Mental MiniskirtsSeptember 18, 2012 | | Print |
Haroldo Dilla Alfonso*
HAVANA TIMES — My friend Jorge Ferrer, who for years has written one of the best blogs I’ve ever read, has an interesting post about an all-female musical group from North Korea. He titled it “Pyongyang Miniskirts” (Spanish: “Minifaldas de Pyongyang”).
I had fun reading it and watching the video that he linked to it. I recommend it to our readers. The North Korean group is made up of very refined and beautiful women. I don’t know Korean, but I guess, by some of the gestures, the song is dedicated to some eternal leader or to border guards, none of whom are really lyrical inspirations.
The staging and the style of the singers is from several decades back, but no one should forget that we live in societies that are high-level producers of music and entertainment, and that — perhaps only in this — we’re so advanced.
The Asian world is different, but so is the Latin American world outside the Caribbean, in addition to Brazil and a few other select areas.

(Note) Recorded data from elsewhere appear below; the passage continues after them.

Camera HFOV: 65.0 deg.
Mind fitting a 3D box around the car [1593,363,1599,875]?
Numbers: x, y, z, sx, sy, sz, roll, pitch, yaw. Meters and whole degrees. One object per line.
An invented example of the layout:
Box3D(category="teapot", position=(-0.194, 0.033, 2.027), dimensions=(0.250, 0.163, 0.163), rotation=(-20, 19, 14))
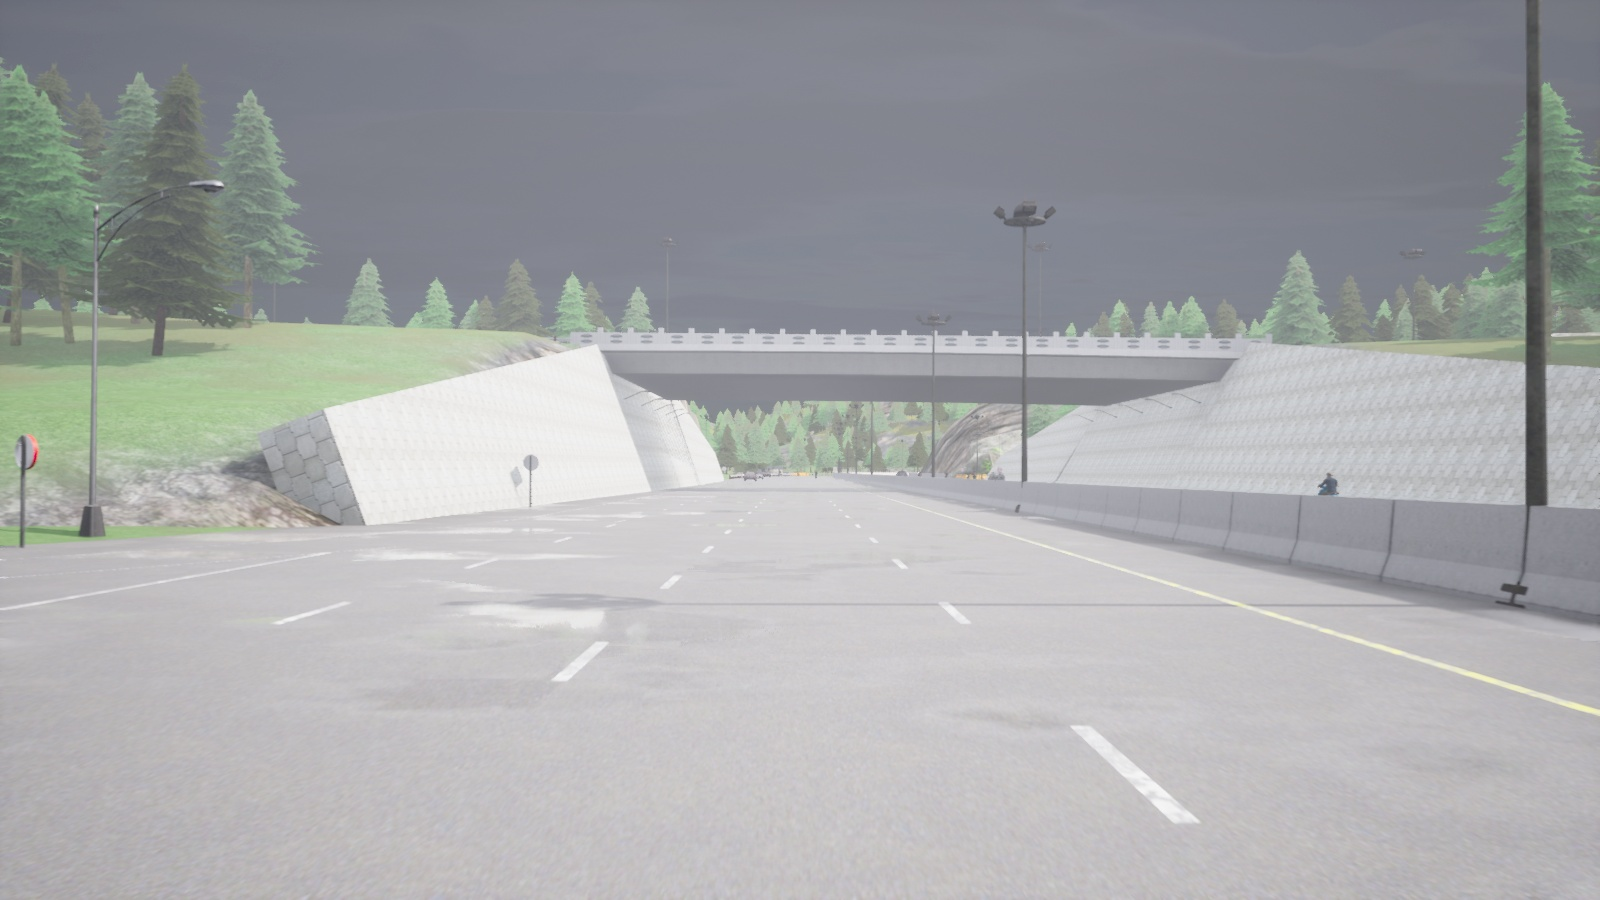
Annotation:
Box3D(category="car", position=(3.494, 0.631, 2.066), dimensions=(1.905, 1.878, 3.866), rotation=(0, -1, 0))
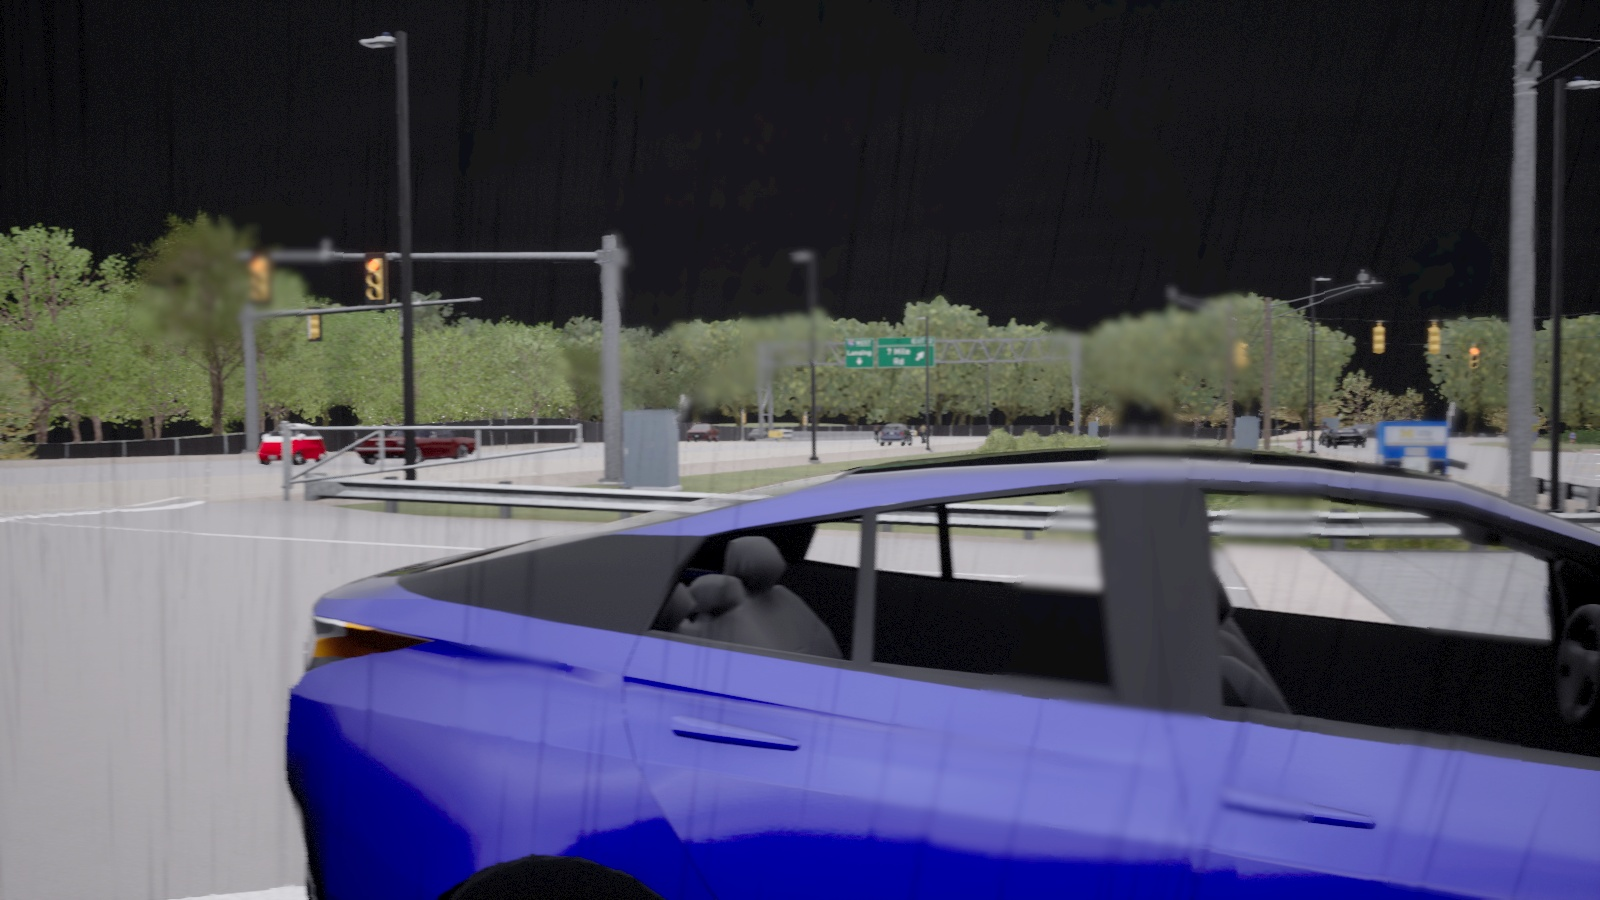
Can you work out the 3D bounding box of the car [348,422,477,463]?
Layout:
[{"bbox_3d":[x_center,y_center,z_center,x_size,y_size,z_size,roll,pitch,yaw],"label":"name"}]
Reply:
[{"bbox_3d":[-12.943,-0.269,42.237,1.895,1.301,4.718,1,1,16],"label":"car"}]

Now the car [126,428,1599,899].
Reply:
[{"bbox_3d":[1.063,0.725,2.999,4.514,1.525,2.007,1,1,14],"label":"car"}]

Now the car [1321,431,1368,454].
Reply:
[{"bbox_3d":[32.105,-0.475,74.157,1.895,1.301,4.718,1,1,15],"label":"car"}]

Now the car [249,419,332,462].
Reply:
[{"bbox_3d":[-16.796,-0.320,41.451,1.481,1.376,2.207,1,1,16],"label":"car"}]

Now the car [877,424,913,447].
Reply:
[{"bbox_3d":[6.510,-0.997,85.904,1.789,1.549,3.705,1,1,16],"label":"car"}]
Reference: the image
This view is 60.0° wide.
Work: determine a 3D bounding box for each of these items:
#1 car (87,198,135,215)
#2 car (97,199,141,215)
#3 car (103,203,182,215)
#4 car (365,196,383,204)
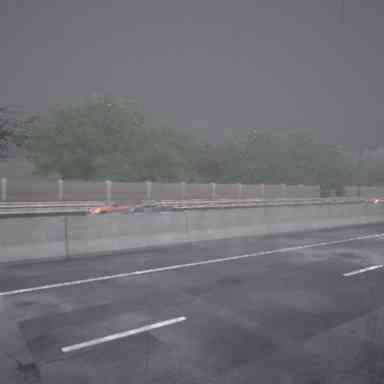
[{"bbox_3d":[-5.738,1.347,25.694,4.553,1.767,2.097,0,0,-35],"label":"car"},{"bbox_3d":[-3.607,1.487,22.916,4.902,1.511,2.128,0,0,-35],"label":"car"},{"bbox_3d":[-2.167,1.543,19.646,5.357,1.411,2.033,0,0,-35],"label":"car"},{"bbox_3d":[27.732,1.322,49.519,4.553,1.767,2.097,0,0,-35],"label":"car"}]
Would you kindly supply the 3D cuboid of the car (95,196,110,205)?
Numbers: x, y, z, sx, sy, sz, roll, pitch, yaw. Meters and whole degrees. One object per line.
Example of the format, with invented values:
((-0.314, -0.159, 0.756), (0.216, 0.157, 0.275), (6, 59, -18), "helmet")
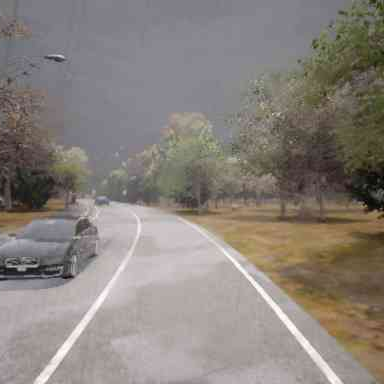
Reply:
((-14.148, 1.326, 52.334), (1.812, 1.442, 4.674), (2, 0, -22), "car")

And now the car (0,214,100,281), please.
((-4.039, 1.490, 9.953), (1.837, 1.490, 4.892), (0, 0, -4), "car")
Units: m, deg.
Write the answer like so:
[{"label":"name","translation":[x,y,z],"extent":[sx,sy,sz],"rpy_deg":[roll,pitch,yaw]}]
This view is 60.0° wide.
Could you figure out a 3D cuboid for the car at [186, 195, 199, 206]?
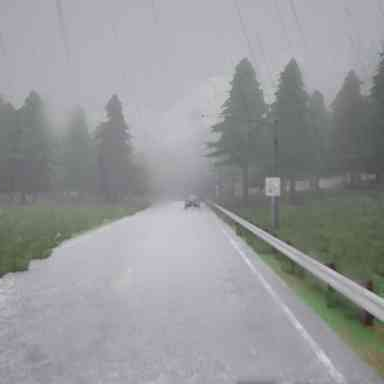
[{"label":"car","translation":[0.072,1.273,51.800],"extent":[1.837,1.490,4.892],"rpy_deg":[-1,0,0]}]

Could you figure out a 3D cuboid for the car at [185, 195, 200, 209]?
[{"label":"car","translation":[0.057,1.416,41.837],"extent":[1.895,1.301,4.718],"rpy_deg":[-1,0,0]}]
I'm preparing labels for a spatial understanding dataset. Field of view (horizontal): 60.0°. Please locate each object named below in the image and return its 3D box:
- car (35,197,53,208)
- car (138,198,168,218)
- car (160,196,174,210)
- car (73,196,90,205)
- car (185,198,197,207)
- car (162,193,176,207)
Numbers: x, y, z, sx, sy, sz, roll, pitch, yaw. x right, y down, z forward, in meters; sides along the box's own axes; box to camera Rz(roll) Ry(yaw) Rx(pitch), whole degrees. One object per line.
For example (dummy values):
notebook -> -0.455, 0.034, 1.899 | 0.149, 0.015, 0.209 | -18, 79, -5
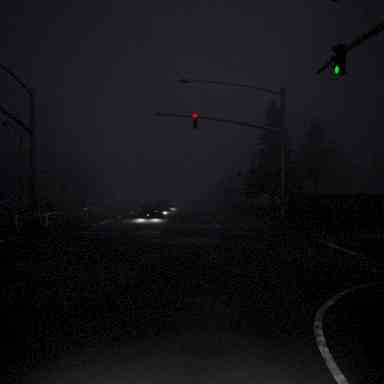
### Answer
car -> -20.631, 1.384, 45.590 | 1.970, 1.475, 3.806 | 0, 0, 0
car -> -3.682, 1.547, 30.561 | 2.033, 1.411, 5.357 | 0, 0, 0
car -> -3.703, 1.547, 40.666 | 2.033, 1.411, 5.357 | 0, 0, 0
car -> -17.597, 1.374, 52.990 | 1.845, 1.501, 3.633 | 0, 0, 0
car -> -0.137, 1.601, 51.214 | 1.895, 1.301, 4.718 | 0, 0, 0
car -> -3.678, 1.221, 51.019 | 2.150, 2.045, 5.566 | 0, 0, -2
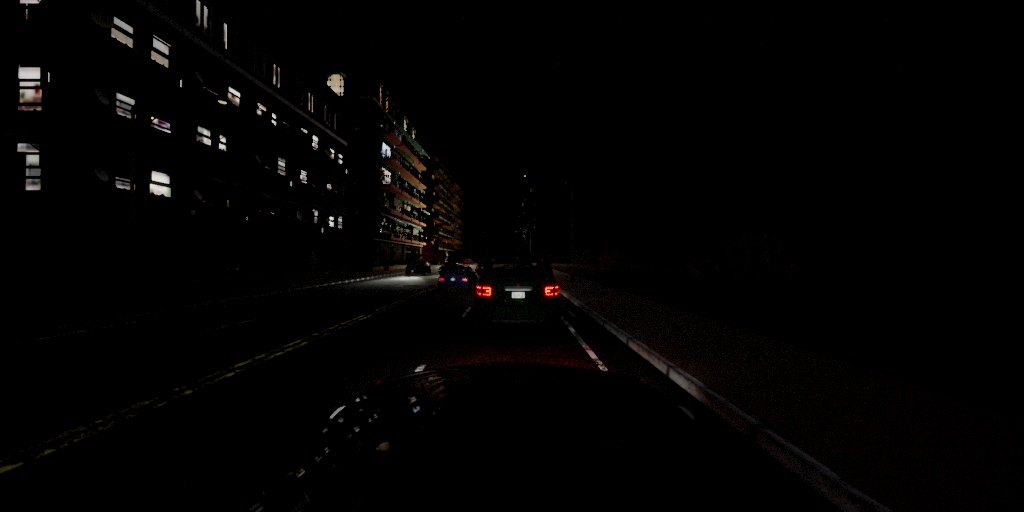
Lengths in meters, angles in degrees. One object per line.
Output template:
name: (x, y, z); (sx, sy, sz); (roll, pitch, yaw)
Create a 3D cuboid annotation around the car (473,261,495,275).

For example, when I visit Central America (except for Panama, which is pure Caribbean) and I get to hear music, I feel like I’ve traveled through a time machine. It always strikes me how the “Ticos” [Costa Ricans] still keep Andres Calamaro’s song “Flaca” on their hit parade list, and how the “Nicas” [Nicaraguans] after the first bottle of “Flor de Caña,” start singing La cama de piedra with misty eyes.
I say this to prevent any quick-tempered reader from blaming North Korea’s musical lag on communism, and from there point to the need to immediately overthrow the Castros if we want to keep the island dancing.
Still, that wasn’t the most important thing I saw in the video.
What was most interesting was the main fact that speaks to North Korea’s politically hieratical character and the implications of this for that society’s exactitude with respect to movement.
We can observe how the pretty women move each part of their bodies synchronously, rotating and fluttering in unison, with all of them even smiling at the same time. In the background, two violinists do exactly the same. It is perfect musical order, an order that doesn’t support chaos. It’s like military order put to music.
And while that is very Asian, typical of cultures with emperors and learned reverence for conviction, it’s also very typical of the mythology of “barracks communism,” whereby everyone should be equal and should do the same things every day.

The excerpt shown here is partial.